(Records drawn from a dataset)
-- -- --
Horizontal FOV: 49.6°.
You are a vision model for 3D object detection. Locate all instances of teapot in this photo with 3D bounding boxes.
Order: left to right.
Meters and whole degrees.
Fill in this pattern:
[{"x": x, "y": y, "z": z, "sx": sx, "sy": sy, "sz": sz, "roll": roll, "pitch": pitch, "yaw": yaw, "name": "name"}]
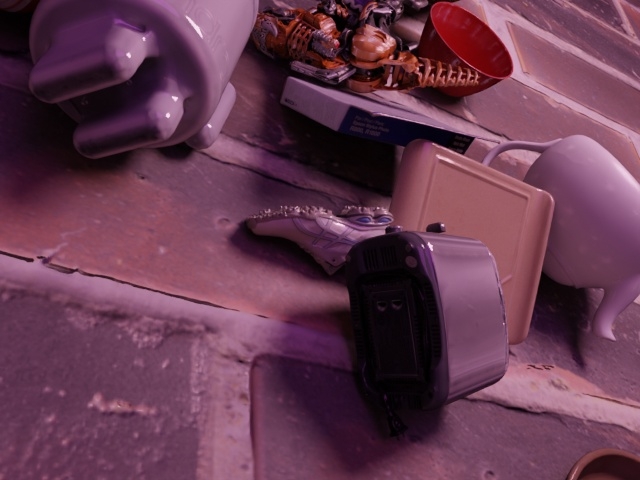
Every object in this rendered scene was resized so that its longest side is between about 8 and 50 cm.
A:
[{"x": 0.376, "y": -0.023, "z": 1.042, "sx": 0.252, "sy": 0.187, "sz": 0.256, "roll": 49, "pitch": 12, "yaw": -22, "name": "teapot"}]

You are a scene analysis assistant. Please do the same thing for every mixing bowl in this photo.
[{"x": 0.240, "y": -0.322, "z": 1.229, "sx": 0.182, "sy": 0.098, "sz": 0.181, "roll": 20, "pitch": 46, "yaw": -23, "name": "mixing bowl"}]

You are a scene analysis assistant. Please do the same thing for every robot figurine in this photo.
[{"x": -0.184, "y": -0.243, "z": 0.776, "sx": 0.353, "sy": 0.200, "sz": 0.300, "roll": -78, "pitch": 153, "yaw": -43, "name": "robot figurine"}]

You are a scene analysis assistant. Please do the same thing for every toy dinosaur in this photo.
[{"x": 0.064, "y": -0.282, "z": 1.029, "sx": 0.322, "sy": 0.164, "sz": 0.218, "roll": 33, "pitch": 48, "yaw": -9, "name": "toy dinosaur"}]

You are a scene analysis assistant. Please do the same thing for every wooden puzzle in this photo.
[{"x": 0.188, "y": 0.007, "z": 0.911, "sx": 0.239, "sy": 0.044, "sz": 0.220, "roll": 17, "pitch": 81, "yaw": -23, "name": "wooden puzzle"}]

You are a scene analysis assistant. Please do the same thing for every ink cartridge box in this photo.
[{"x": 0.090, "y": -0.160, "z": 0.945, "sx": 0.223, "sy": 0.045, "sz": 0.224, "roll": 6, "pitch": 18, "yaw": -33, "name": "ink cartridge box"}]

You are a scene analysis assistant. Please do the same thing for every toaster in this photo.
-- -- --
Give the data above again, exactly, with every picture removed.

**Output for this exercise**.
Horizontal FOV: 49.6°.
You are a vision model for 3D object detection. Locate all instances of teapot in this photo with 3D bounding boxes.
Order: left to right.
Meters and whole degrees.
Fill in this pattern:
[{"x": x, "y": y, "z": z, "sx": sx, "sy": sy, "sz": sz, "roll": roll, "pitch": pitch, "yaw": yaw, "name": "name"}]
Every object in this rendered scene was resized so that its longest side is between about 8 and 50 cm.
A:
[{"x": 0.376, "y": -0.023, "z": 1.042, "sx": 0.252, "sy": 0.187, "sz": 0.256, "roll": 49, "pitch": 12, "yaw": -22, "name": "teapot"}]

You are a scene analysis assistant. Please do the same thing for every mixing bowl in this photo.
[{"x": 0.240, "y": -0.322, "z": 1.229, "sx": 0.182, "sy": 0.098, "sz": 0.181, "roll": 20, "pitch": 46, "yaw": -23, "name": "mixing bowl"}]

You are a scene analysis assistant. Please do the same thing for every robot figurine in this photo.
[{"x": -0.184, "y": -0.243, "z": 0.776, "sx": 0.353, "sy": 0.200, "sz": 0.300, "roll": -78, "pitch": 153, "yaw": -43, "name": "robot figurine"}]

You are a scene analysis assistant. Please do the same thing for every toy dinosaur in this photo.
[{"x": 0.064, "y": -0.282, "z": 1.029, "sx": 0.322, "sy": 0.164, "sz": 0.218, "roll": 33, "pitch": 48, "yaw": -9, "name": "toy dinosaur"}]

You are a scene analysis assistant. Please do the same thing for every wooden puzzle in this photo.
[{"x": 0.188, "y": 0.007, "z": 0.911, "sx": 0.239, "sy": 0.044, "sz": 0.220, "roll": 17, "pitch": 81, "yaw": -23, "name": "wooden puzzle"}]

You are a scene analysis assistant. Please do the same thing for every ink cartridge box in this photo.
[{"x": 0.090, "y": -0.160, "z": 0.945, "sx": 0.223, "sy": 0.045, "sz": 0.224, "roll": 6, "pitch": 18, "yaw": -33, "name": "ink cartridge box"}]

You are a scene analysis assistant. Please do the same thing for every toaster in this photo.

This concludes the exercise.